What is needed >> Among the entries below, copy only the span from the line containing "List each element's" through the line containing "Identify the document". Do so exactly, and skip the pictures.

Provided entries >>

· · · · · · ·

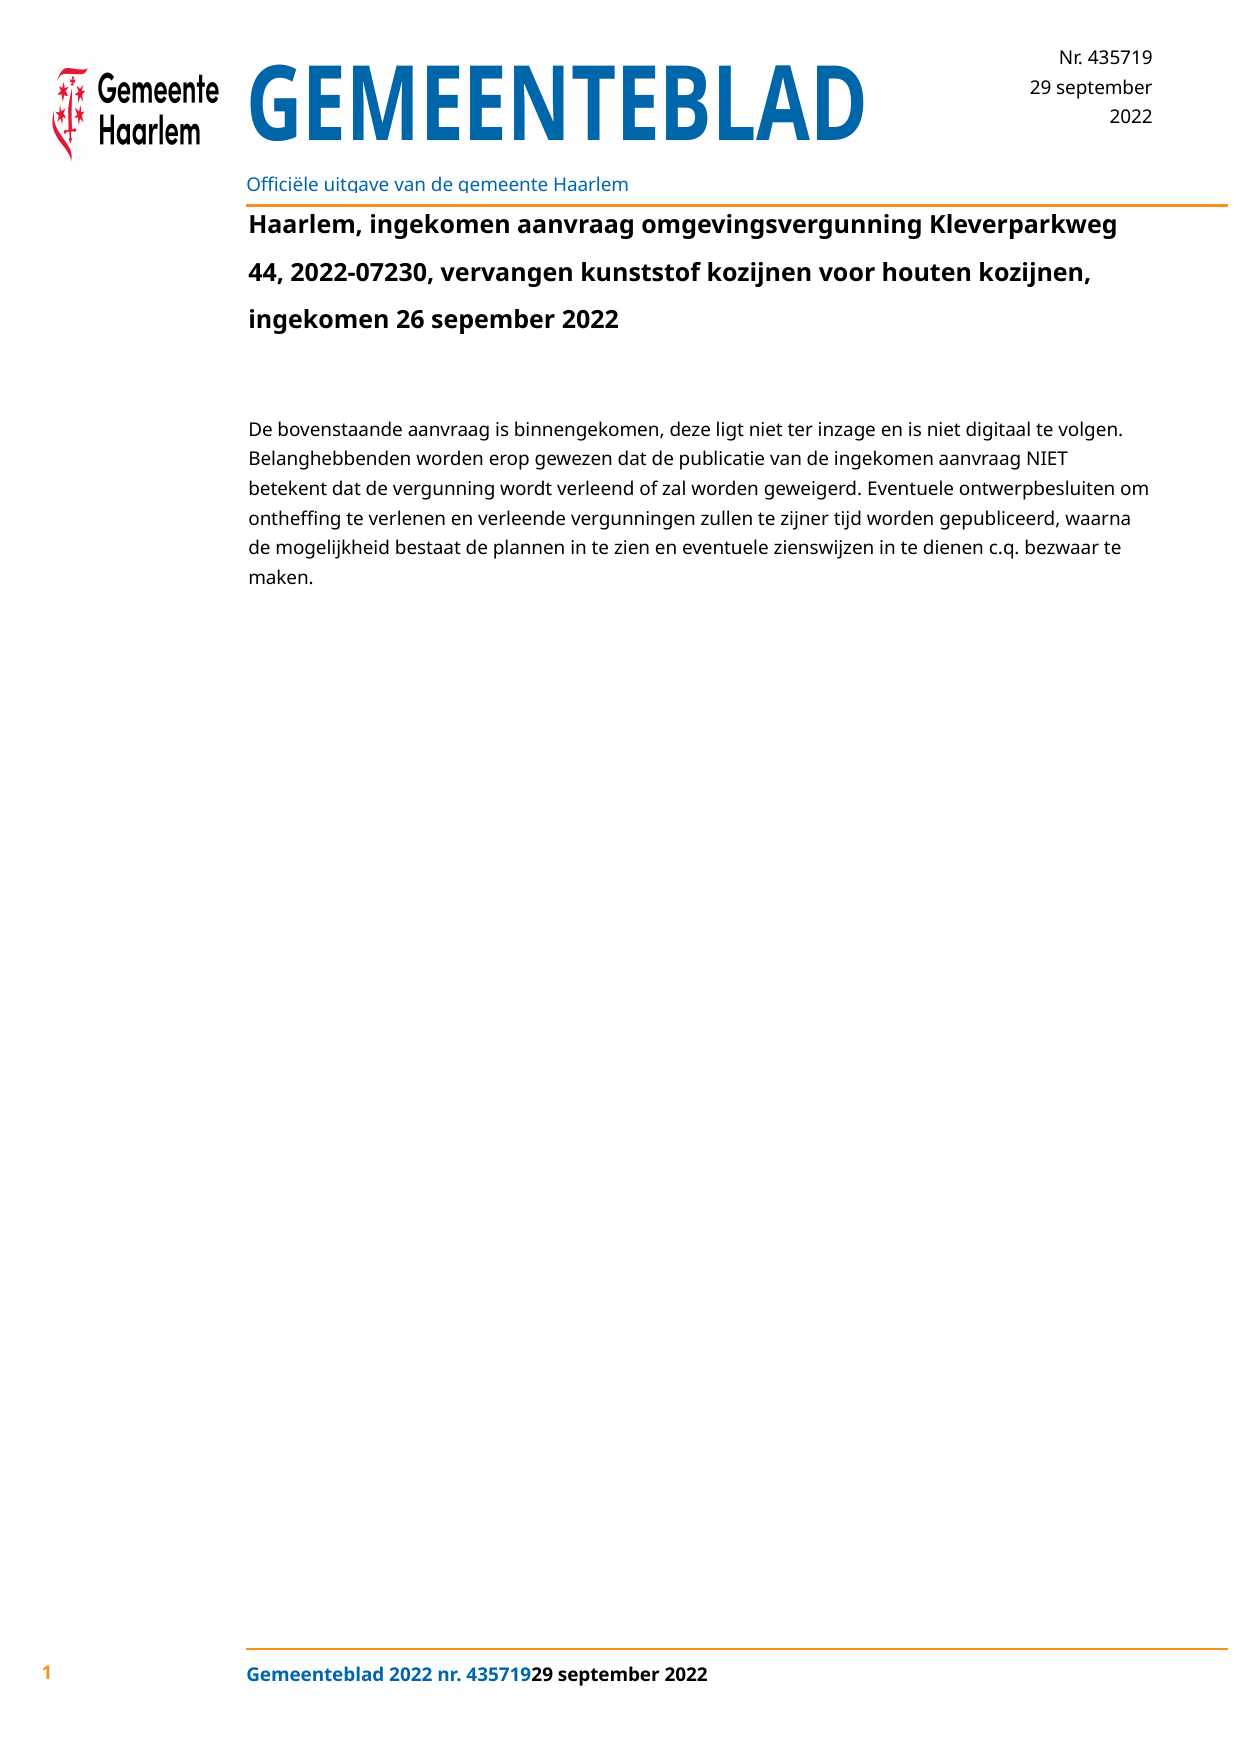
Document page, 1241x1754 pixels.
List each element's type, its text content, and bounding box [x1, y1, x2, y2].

picture [41, 47, 231, 172]
text De bovenstaande aanvraag is binnengekomen, deze ligt niet ter inzage en is niet digitaal te volgen. Belanghebbenden worden erop gewezen dat de publicatie van de ingekomen aanvraag NIET betekent dat de vergunning wordt verleend of zal worden geweigerd. Eventuele ontwerpbesluiten om ontheffing te verlenen en verleende vergunningen zullen te zijner tijd worden gepubliceerd, waarna de mogelijkheid bestaat de plannen in te zien en eventuele zienswijzen in te dienen c.q. bezwaar te maken. [248, 416, 1152, 589]
text Haarlem, ingekomen aanvraag omgevingsvergunning Kleverparkweg 44, 2022-07230, vervangen kunststof kozijnen voor houten kozijnen, ingekomen 26 sepember 2022 [248, 207, 1152, 336]
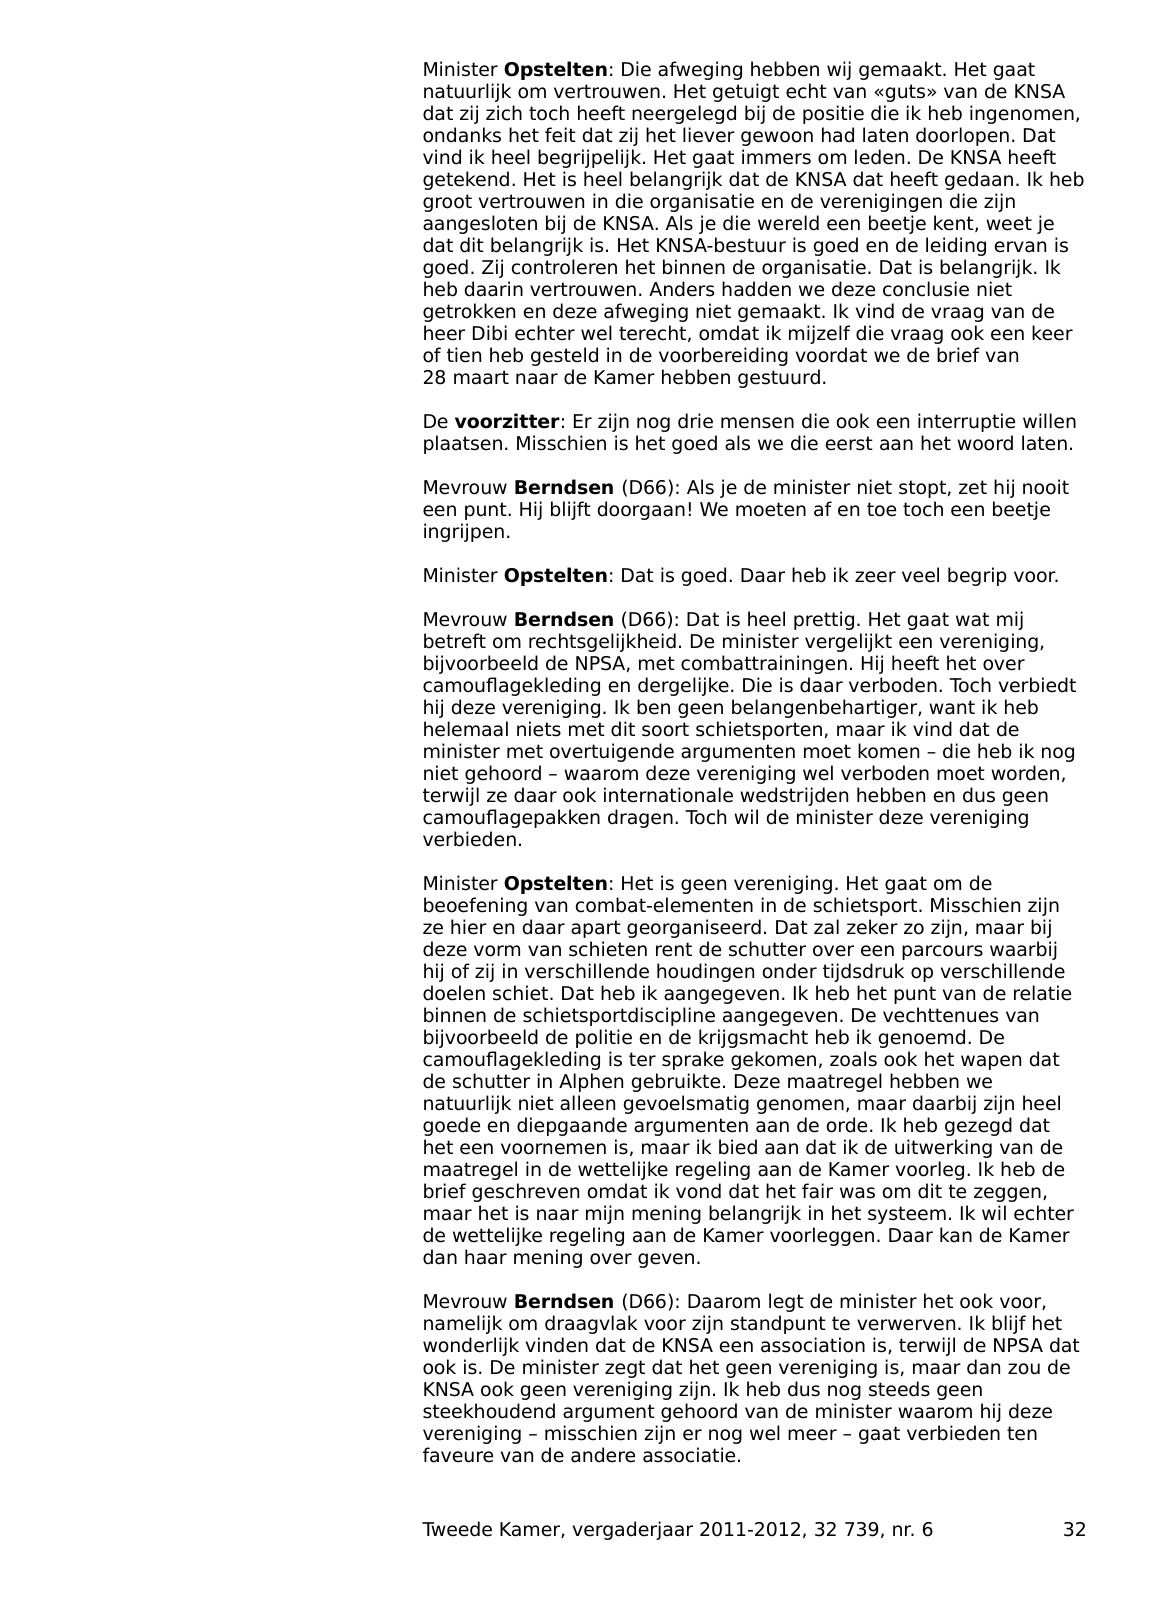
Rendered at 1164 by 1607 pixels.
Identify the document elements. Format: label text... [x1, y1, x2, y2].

text Mevrouw Berndsen (D66): Dat is heel prettig. Het gaat wat mij betreft om rechtsgelijkheid. De minister vergelijkt een vereniging, bijvoorbeeld de NPSA, met combattrainingen. Hij heeft het over camouflagekleding en dergelijke. Die is daar verboden. Toch verbiedt hij deze vereniging. Ik ben geen belangenbehartiger, want ik heb helemaal niets met dit soort schietsporten, maar ik vind dat de minister met overtuigende argumenten moet komen – die heb ik nog niet gehoord – waarom deze vereniging wel verboden moet worden, terwijl ze daar ook internationale wedstrijden hebben en dus geen camouflagepakken dragen. Toch wil de minister deze vereniging verbieden. [422, 609, 1087, 851]
text Mevrouw Berndsen (D66): Als je de minister niet stopt, zet hij nooit een punt. Hij blijft doorgaan! We moeten af en toe toch een beetje ingrijpen. [422, 477, 1087, 543]
text Minister Opstelten: Het is geen vereniging. Het gaat om de beoefening van combat-elementen in de schietsport. Misschien zijn ze hier en daar apart georganiseerd. Dat zal zeker zo zijn, maar bij deze vorm van schieten rent de schutter over een parcours waarbij hij of zij in verschillende houdingen onder tijdsdruk op verschillende doelen schiet. Dat heb ik aangegeven. Ik heb het punt van de relatie binnen de schietsportdiscipline aangegeven. De vechttenues van bijvoorbeeld de politie en de krijgsmacht heb ik genoemd. De camouflagekleding is ter sprake gekomen, zoals ook het wapen dat de schutter in Alphen gebruikte. Deze maatregel hebben we natuurlijk niet alleen gevoelsmatig genomen, maar daarbij zijn heel goede en diepgaande argumenten aan de orde. Ik heb gezegd dat het een voornemen is, maar ik bied aan dat ik de uitwerking van de maatregel in de wettelijke regeling aan de Kamer voorleg. Ik heb de brief geschreven omdat ik vond dat het fair was om dit te zeggen, maar het is naar mijn mening belangrijk in het systeem. Ik wil echter de wettelijke regeling aan de Kamer voorleggen. Daar kan de Kamer dan haar mening over geven. [422, 873, 1087, 1269]
text De voorzitter: Er zijn nog drie mensen die ook een interruptie willen plaatsen. Misschien is het goed als we die eerst aan het woord laten. [422, 411, 1087, 455]
text Minister Opstelten: Die afweging hebben wij gemaakt. Het gaat natuurlijk om vertrouwen. Het getuigt echt van «guts» van de KNSA dat zij zich toch heeft neergelegd bij de positie die ik heb ingenomen, ondanks het feit dat zij het liever gewoon had laten doorlopen. Dat vind ik heel begrijpelijk. Het gaat immers om leden. De KNSA heeft getekend. Het is heel belangrijk dat de KNSA dat heeft gedaan. Ik heb groot vertrouwen in die organisatie en de verenigingen die zijn aangesloten bij de KNSA. Als je die wereld een beetje kent, weet je dat dit belangrijk is. Het KNSA-bestuur is goed en de leiding ervan is goed. Zij controleren het binnen de organisatie. Dat is belangrijk. Ik heb daarin vertrouwen. Anders hadden we deze conclusie niet getrokken en deze afweging niet gemaakt. Ik vind de vraag van de heer Dibi echter wel terecht, omdat ik mijzelf die vraag ook een keer of tien heb gesteld in de voorbereiding voordat we de brief van 28 maart naar de Kamer hebben gestuurd. [422, 59, 1087, 389]
text Mevrouw Berndsen (D66): Daarom legt de minister het ook voor, namelijk om draagvlak voor zijn standpunt te verwerven. Ik blijf het wonderlijk vinden dat de KNSA een association is, terwijl de NPSA dat ook is. De minister zegt dat het geen vereniging is, maar dan zou de KNSA ook geen vereniging zijn. Ik heb dus nog steeds geen steekhoudend argument gehoord van de minister waarom hij deze vereniging – misschien zijn er nog wel meer – gaat verbieden ten faveure van de andere associatie. [422, 1291, 1087, 1467]
text Minister Opstelten: Dat is goed. Daar heb ik zeer veel begrip voor. [422, 565, 1087, 587]

· · · · · · ·

Result >>
List each element's type, its text content, and bounding box [x1, y1, x2, y2].

picture [41, 47, 231, 172]
text De bovenstaande aanvraag is binnengekomen, deze ligt niet ter inzage en is niet digitaal te volgen. Belanghebbenden worden erop gewezen dat de publicatie van de ingekomen aanvraag NIET betekent dat de vergunning wordt verleend of zal worden geweigerd. Eventuele ontwerpbesluiten om ontheffing te verlenen en verleende vergunningen zullen te zijner tijd worden gepubliceerd, waarna de mogelijkheid bestaat de plannen in te zien en eventuele zienswijzen in te dienen c.q. bezwaar te maken. [248, 416, 1152, 589]
text Haarlem, ingekomen aanvraag omgevingsvergunning Kleverparkweg 44, 2022-07230, vervangen kunststof kozijnen voor houten kozijnen, ingekomen 26 sepember 2022 [248, 207, 1152, 336]
Rendered at 1164 by 1607 pixels.
Identify the document elements. Format: label text... [x1, y1, x2, y2].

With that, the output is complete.